2. The computer system according to claim 1, wherein
the at least one computer acquires information regarding activation of the instance of the execution environment system, and calculates an average activation time of the instance, calculates a prediction target time for estimating the number of instances based on the average activation time, and calculates, as the determination metric, a metric for evaluating a load of the application after the prediction target time from a current time based on the number of instances on the execution environment system after the prediction target time from the current time, and the application metrics.
3. The computer system according to claim 1, wherein
the at least one computer calculates a control parameter to be used by the autoscaling system after calculating the determination metric, and transmits the control parameter to the autoscaling system.

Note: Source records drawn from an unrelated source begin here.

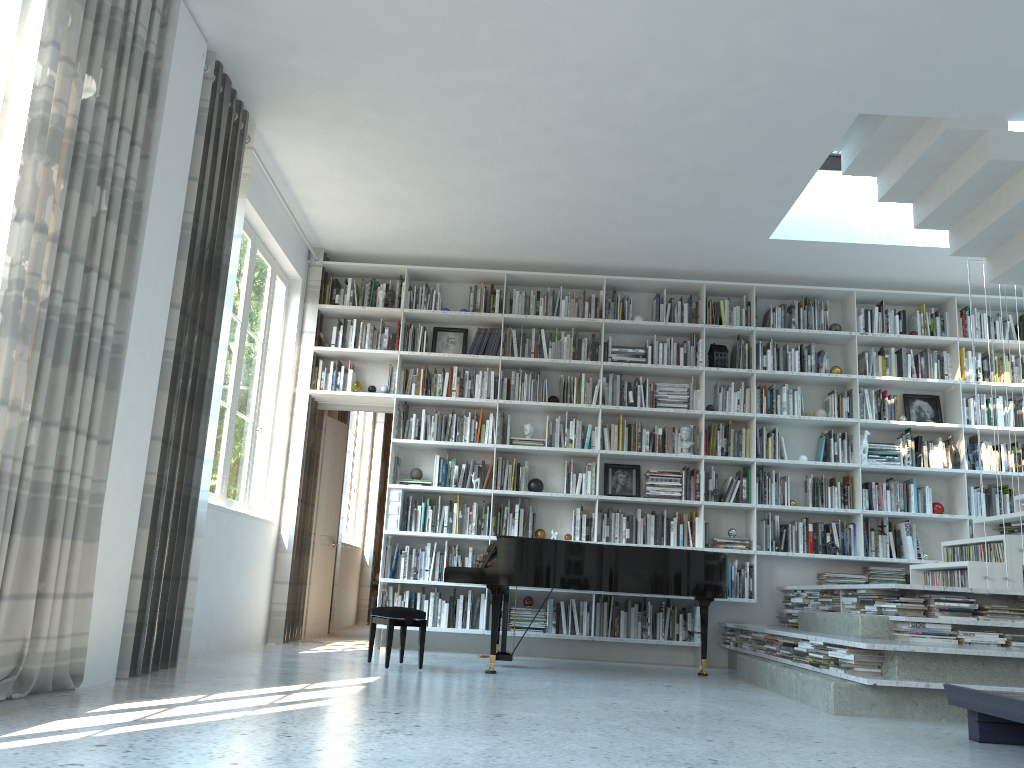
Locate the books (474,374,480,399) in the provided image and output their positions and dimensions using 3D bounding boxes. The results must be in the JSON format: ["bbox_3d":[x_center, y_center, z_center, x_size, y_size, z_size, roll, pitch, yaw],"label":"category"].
[{"bbox_3d":[-0.292,0.052,7.456,0.030,0.230,0.172,3,-13,1],"label":"books"}]

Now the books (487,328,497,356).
[{"bbox_3d":[-0.173,-0.320,7.568,0.078,0.285,0.174,3,-13,1],"label":"books"}]

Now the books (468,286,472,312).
[{"bbox_3d":[-0.360,-0.685,7.644,0.013,0.277,0.151,3,-13,1],"label":"books"}]

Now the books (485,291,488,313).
[{"bbox_3d":[-0.220,-0.664,7.651,0.013,0.254,0.129,3,-13,1],"label":"books"}]

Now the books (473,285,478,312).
[{"bbox_3d":[-0.314,-0.687,7.627,0.024,0.279,0.188,3,-13,1],"label":"books"}]

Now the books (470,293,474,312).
[{"bbox_3d":[-0.342,-0.658,7.625,0.028,0.218,0.153,3,-13,1],"label":"books"}]

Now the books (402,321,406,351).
[{"bbox_3d":[-0.913,-0.369,7.550,0.005,0.292,0.184,3,-13,1],"label":"books"}]

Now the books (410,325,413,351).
[{"bbox_3d":[-0.849,-0.349,7.549,0.009,0.259,0.184,3,-13,1],"label":"books"}]

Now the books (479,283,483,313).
[{"bbox_3d":[-0.266,-0.699,7.656,0.014,0.320,0.137,3,-13,1],"label":"books"}]

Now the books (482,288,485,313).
[{"bbox_3d":[-0.243,-0.676,7.623,0.010,0.263,0.157,3,-13,1],"label":"books"}]

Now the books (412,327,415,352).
[{"bbox_3d":[-0.833,-0.344,7.535,0.004,0.245,0.189,3,-13,1],"label":"books"}]

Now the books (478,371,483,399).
[{"bbox_3d":[-0.264,0.037,7.459,0.022,0.262,0.175,3,-13,1],"label":"books"}]

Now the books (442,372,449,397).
[{"bbox_3d":[-0.554,0.037,7.474,0.047,0.237,0.163,3,-13,1],"label":"books"}]

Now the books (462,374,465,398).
[{"bbox_3d":[-0.403,0.046,7.463,0.013,0.231,0.172,3,-13,1],"label":"books"}]

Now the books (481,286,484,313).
[{"bbox_3d":[-0.253,-0.684,7.637,0.013,0.282,0.167,3,-13,1],"label":"books"}]

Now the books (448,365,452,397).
[{"bbox_3d":[-0.522,0.008,7.483,0.014,0.303,0.152,3,-13,1],"label":"books"}]

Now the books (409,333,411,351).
[{"bbox_3d":[-0.856,-0.330,7.531,0.004,0.213,0.187,3,-13,1],"label":"books"}]

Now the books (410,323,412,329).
[{"bbox_3d":[-0.868,-0.361,7.565,0.006,0.288,0.144,3,-13,1],"label":"books"}]

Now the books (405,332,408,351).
[{"bbox_3d":[-0.891,-0.322,7.554,0.015,0.206,0.172,3,-13,1],"label":"books"}]

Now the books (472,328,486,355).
[{"bbox_3d":[-0.282,-0.325,7.547,0.110,0.279,0.174,3,-13,1],"label":"books"}]

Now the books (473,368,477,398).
[{"bbox_3d":[-0.311,0.027,7.466,0.012,0.280,0.188,3,-13,1],"label":"books"}]

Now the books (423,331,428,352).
[{"bbox_3d":[-0.733,-0.322,7.535,0.012,0.213,0.186,3,-13,1],"label":"books"}]

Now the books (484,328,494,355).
[{"bbox_3d":[-0.196,-0.322,7.564,0.078,0.285,0.174,3,-13,1],"label":"books"}]

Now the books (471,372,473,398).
[{"bbox_3d":[-0.335,0.040,7.482,0.035,0.260,0.131,3,-13,1],"label":"books"}]

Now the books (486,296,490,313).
[{"bbox_3d":[-0.203,-0.637,7.619,0.027,0.190,0.178,3,-13,1],"label":"books"}]

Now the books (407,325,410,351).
[{"bbox_3d":[-0.874,-0.357,7.561,0.005,0.277,0.147,3,-13,1],"label":"books"}]

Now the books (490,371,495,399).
[{"bbox_3d":[-0.164,0.043,7.460,0.035,0.263,0.178,3,-13,1],"label":"books"}]

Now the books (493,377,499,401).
[{"bbox_3d":[-0.129,0.069,7.428,0.039,0.202,0.236,3,-13,1],"label":"books"}]

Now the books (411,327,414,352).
[{"bbox_3d":[-0.840,-0.341,7.557,0.010,0.248,0.166,3,-13,1],"label":"books"}]

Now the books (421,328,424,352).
[{"bbox_3d":[-0.756,-0.339,7.548,0.011,0.249,0.168,3,-13,1],"label":"books"}]

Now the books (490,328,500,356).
[{"bbox_3d":[-0.151,-0.320,7.564,0.078,0.285,0.174,3,-13,1],"label":"books"}]

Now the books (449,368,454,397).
[{"bbox_3d":[-0.504,0.020,7.461,0.023,0.270,0.187,3,-13,1],"label":"books"}]

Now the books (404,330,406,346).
[{"bbox_3d":[-0.909,-0.332,7.576,0.006,0.232,0.136,3,-13,1],"label":"books"}]

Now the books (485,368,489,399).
[{"bbox_3d":[-0.209,0.025,7.454,0.012,0.290,0.182,3,-13,1],"label":"books"}]

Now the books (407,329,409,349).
[{"bbox_3d":[-0.880,-0.338,7.557,0.005,0.237,0.154,3,-13,1],"label":"books"}]

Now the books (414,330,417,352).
[{"bbox_3d":[-0.811,-0.329,7.537,0.018,0.218,0.187,3,-13,1],"label":"books"}]

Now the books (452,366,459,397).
[{"bbox_3d":[-0.477,0.013,7.457,0.030,0.285,0.185,3,-13,1],"label":"books"}]

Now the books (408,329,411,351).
[{"bbox_3d":[-0.863,-0.335,7.542,0.009,0.228,0.185,3,-13,1],"label":"books"}]

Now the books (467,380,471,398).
[{"bbox_3d":[-0.359,0.074,7.469,0.022,0.185,0.137,3,-13,1],"label":"books"}]

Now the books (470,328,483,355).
[{"bbox_3d":[-0.305,-0.322,7.564,0.110,0.279,0.174,3,-13,1],"label":"books"}]

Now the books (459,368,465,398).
[{"bbox_3d":[-0.420,0.022,7.479,0.025,0.285,0.161,3,-13,1],"label":"books"}]

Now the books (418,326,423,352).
[{"bbox_3d":[-0.772,-0.346,7.540,0.023,0.257,0.184,3,-13,1],"label":"books"}]

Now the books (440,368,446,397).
[{"bbox_3d":[-0.583,0.018,7.473,0.014,0.272,0.181,3,-13,1],"label":"books"}]

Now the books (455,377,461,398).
[{"bbox_3d":[-0.450,0.058,7.444,0.029,0.195,0.192,3,-13,1],"label":"books"}]

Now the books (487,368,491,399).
[{"bbox_3d":[-0.192,0.030,7.466,0.022,0.288,0.169,3,-13,1],"label":"books"}]

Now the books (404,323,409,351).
[{"bbox_3d":[-0.900,-0.363,7.559,0.006,0.286,0.148,3,-13,1],"label":"books"}]

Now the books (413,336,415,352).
[{"bbox_3d":[-0.825,-0.319,7.572,0.012,0.214,0.132,3,-13,1],"label":"books"}]

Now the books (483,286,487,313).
[{"bbox_3d":[-0.232,-0.681,7.624,0.011,0.273,0.184,3,-13,1],"label":"books"}]

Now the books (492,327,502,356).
[{"bbox_3d":[-0.128,-0.322,7.550,0.078,0.285,0.174,3,-13,1],"label":"books"}]

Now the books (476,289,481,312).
[{"bbox_3d":[-0.289,-0.671,7.622,0.028,0.248,0.156,3,-13,1],"label":"books"}]

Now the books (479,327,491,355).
[{"bbox_3d":[-0.229,-0.325,7.544,0.097,0.282,0.174,3,-13,1],"label":"books"}]

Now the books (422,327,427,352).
[{"bbox_3d":[-0.744,-0.341,7.547,0.012,0.254,0.167,3,-13,1],"label":"books"}]

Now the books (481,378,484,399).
[{"bbox_3d":[-0.248,0.069,7.465,0.013,0.206,0.172,3,-13,1],"label":"books"}]

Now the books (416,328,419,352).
[{"bbox_3d":[-0.798,-0.338,7.550,0.019,0.243,0.153,3,-13,1],"label":"books"}]

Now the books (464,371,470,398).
[{"bbox_3d":[-0.382,0.037,7.479,0.029,0.260,0.158,3,-13,1],"label":"books"}]

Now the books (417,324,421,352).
[{"bbox_3d":[-0.786,-0.355,7.552,0.005,0.280,0.191,3,-13,1],"label":"books"}]

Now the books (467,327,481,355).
[{"bbox_3d":[-0.327,-0.326,7.556,0.110,0.279,0.174,3,-13,1],"label":"books"}]

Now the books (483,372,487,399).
[{"bbox_3d":[-0.228,0.043,7.480,0.024,0.265,0.155,3,-13,1],"label":"books"}]

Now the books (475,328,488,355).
[{"bbox_3d":[-0.259,-0.320,7.564,0.110,0.279,0.174,3,-13,1],"label":"books"}]

4. The computer system according to claim 1, wherein
the at least one computer acquires a control log of the scaling executed by the autoscaling system, acquires a calculation log of the determination metric, and generates and outputs display information for displaying changes of the determination metric and the number of instances over time.
5. A metric calculation method executed by a computer system including at least one computer, wherein
the computer system is connected to an execution environment system that provides an instance for executing an application and an autoscaling system that controls scaling of the instance of the execution environment system,
at least one application that executes parallel distributed processing in an event-driven manner operates on the execution environment system, and
the metric calculation method comprises:
a first step of acquiring, by the at least one computer, information regarding the number of queued events in the application and an event processing time as application metrics from the execution environment system;
a second step of calculating, by the at least one computer, a determination metric to be used by the autoscaling system to determine whether or not it is necessary to execute the scaling of the instance based on the application metrics; and
a third step of transmitting, by the at least one computer, the determination metric to the autoscaling system.
6. The metric calculation method according to claim 5, wherein the second step includes:
a step of acquiring, by the at least one computer, information regarding activation of the instance of the execution environment system and calculating an average activation time of the instance;
a step of calculating, by the at least one computer, a prediction target time for estimating the number of instances based on the average activation time; and
a step of calculating, by the at least one computer, a metric for evaluating a load of the application after the prediction target time current the from a time as determination metric based on the number of instances on the execution environment system after the prediction target time from the current time, and the application metrics.
7. The metric calculation method according to claim 5, further comprising:
a step of calculating, by the at least one computer, a control parameter to be used by the autoscaling system after calculating the determination metric; and
a step of transmitting, by the at least one computer, the control parameter to the autoscaling system.
8. The metric calculation method according to claim 5, further comprising:
a step of acquiring, by the at least one computer, a control log of the scaling executed by the autoscaling system;
a step of acquiring, by the at least one computer, a calculation log of the determination metric; and
a step of generating and outputting, by the at least one computer, display information for displaying changes of the determination metric and the number of instances over time.